Here's how tool use actually works under the hood. When you send a message to an API like Claude or GPT-4, you also send a list of tool definitions — each one a JSON schema describing the function name, its parameters (with types and descriptions), and what it does. The model reads these definitions as part of its context, and when it determines that calling a tool would help answer the user's question, it stops generating text and instead outputs a structured tool-call object: the function name and the arguments it wants to pass. Your application code then executes that function (hitting an API, querying a database, running a calculation), and sends the result back to the model as a new message. The model reads the result and continues generating its response. This is not the model "running code" — it's the model producing structured output that your application interprets and acts on.
The quality of your tool definitions matters enormously. Models pick tools based on their names and descriptions, so a tool called search_docs with the description "Search the internal knowledge base for relevant documents given a natural language query" will get used appropriately, while a tool called sd with no description will confuse the model. Parameter descriptions are equally important — if you have a date parameter, specify the expected format ("ISO 8601, e.g. 2025-03-15") or the model will guess. In the Claude API, you can also add a tool_choice parameter to force the model to use a specific tool, let it choose freely, or prevent tool use entirely. OpenAI's API has equivalent controls. Getting these definitions right is often the difference between a tool-use integration that works reliably and one that breaks on edge cases.
Parallel tool calling is a feature that's easy to overlook but significant for performance. When a model needs to gather information from multiple sources — say, checking the weather in three cities — it can emit multiple tool calls in a single response. Your application executes them concurrently and sends all results back at once. Claude, GPT-4, and Gemini all support this. The alternative (sequential calls, one per round trip) adds latency that compounds quickly. If you're building a tool-use integration, design your execution layer to handle arrays of tool calls from the start.
A common gotcha is that tool use is not deterministic. The same prompt with the same tools might lead the model to call different tools, pass different arguments, or choose not to use tools at all. This matters for testing and reliability. Production systems typically include validation logic on the tool-call output — checking that required parameters are present, that values are in expected ranges, that the function name matches a known tool. Some teams add a retry mechanism: if the model emits a malformed tool call, the error is sent back as a tool result and the model gets a chance to try again.

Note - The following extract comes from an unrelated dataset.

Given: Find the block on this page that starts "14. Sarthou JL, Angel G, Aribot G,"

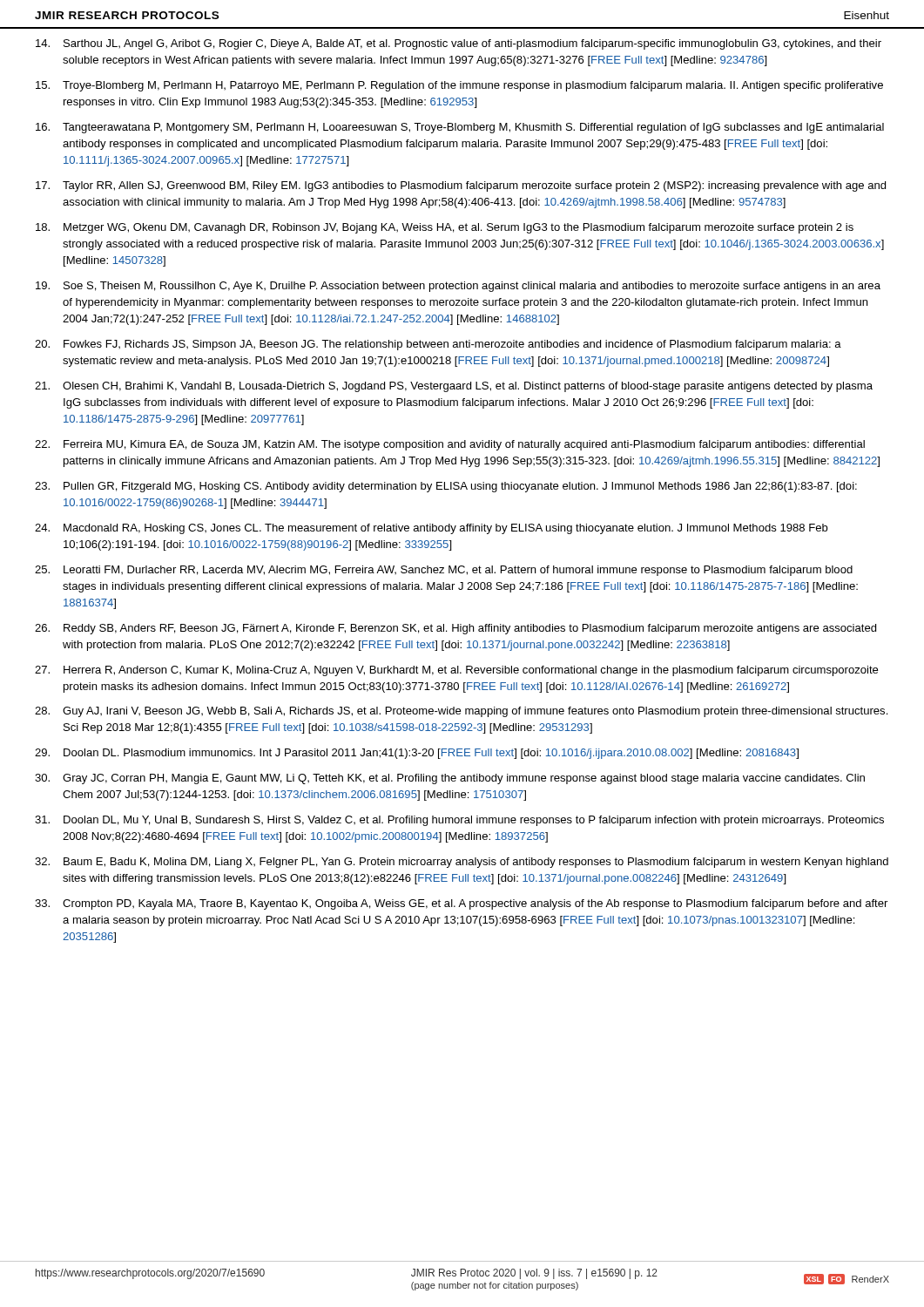Looking at the screenshot, I should point(462,52).
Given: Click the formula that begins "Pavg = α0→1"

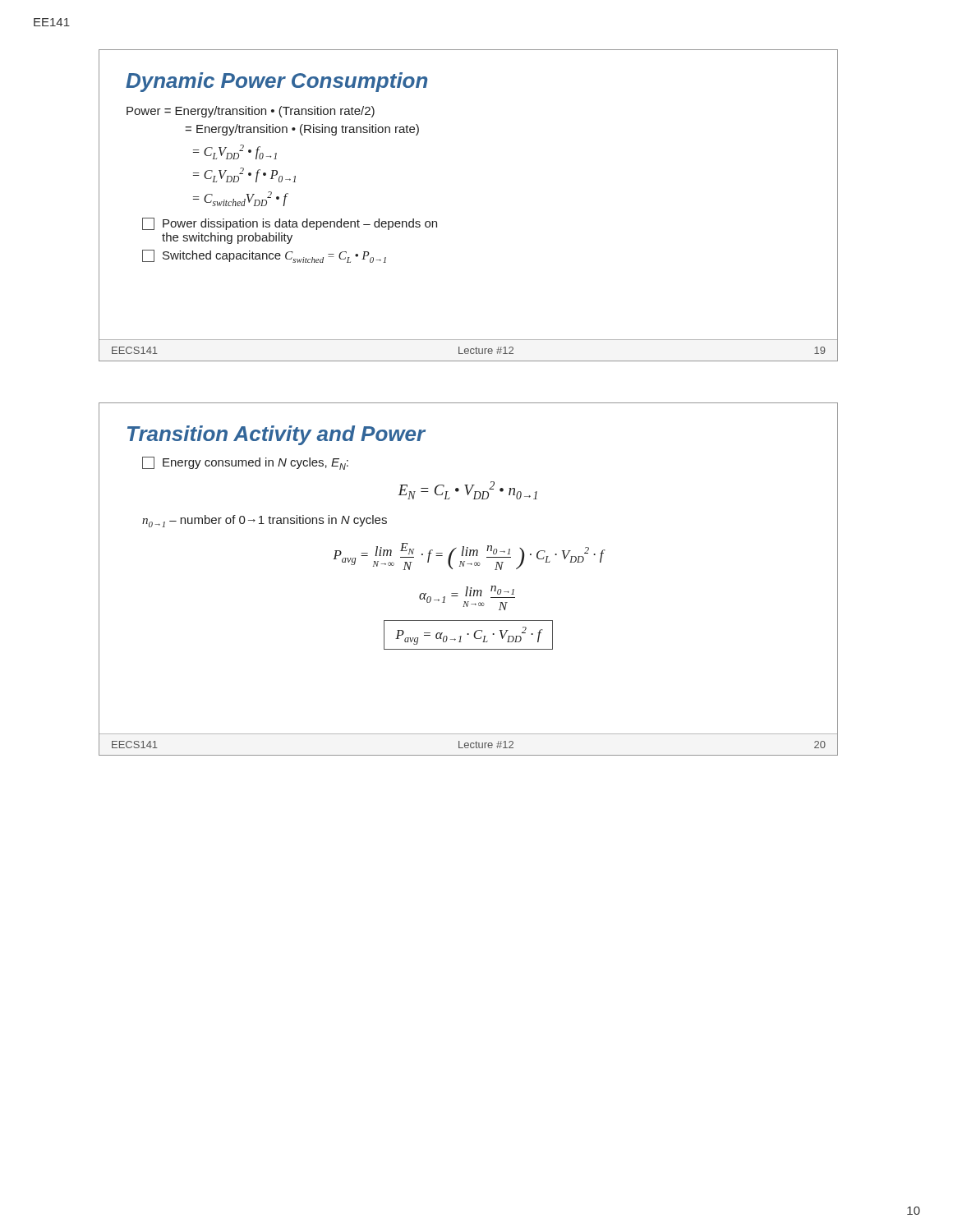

This "self-correction" pattern works surprisingly well in practice and is much cheaper than trying to prevent all errors upfront.

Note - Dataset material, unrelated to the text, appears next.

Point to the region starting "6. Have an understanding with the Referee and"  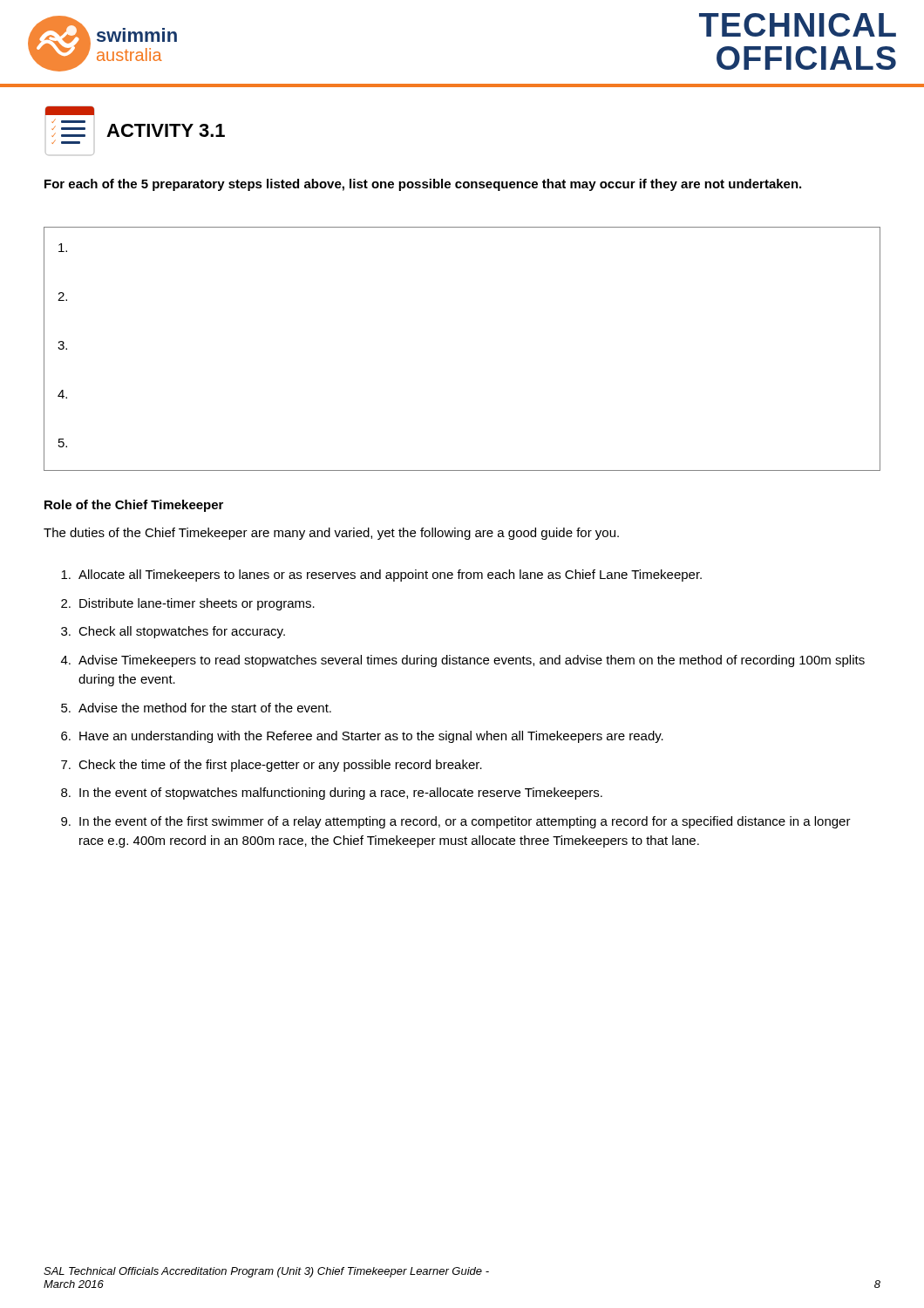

The history of tool use in AI models is surprisingly short. OpenAI introduced "function calling" in June 2023 with GPT-3.5 and GPT-4, and it immediately changed what was possible to build. Before that, developers used prompt engineering to get models to output JSON in a particular format, then parsed it with fragile regex — it worked, but it was brittle. Anthropic shipped tool use for Claude in 2024, followed by Google for Gemini. The APIs have converged on very similar designs: you define tools as JSON schemas, the model outputs structured calls, and you handle execution. The introduction of MCP in late 2024 then added a standardized discovery and transport layer on top of this mechanism, so tools could be shared across applications without redefining them for each one.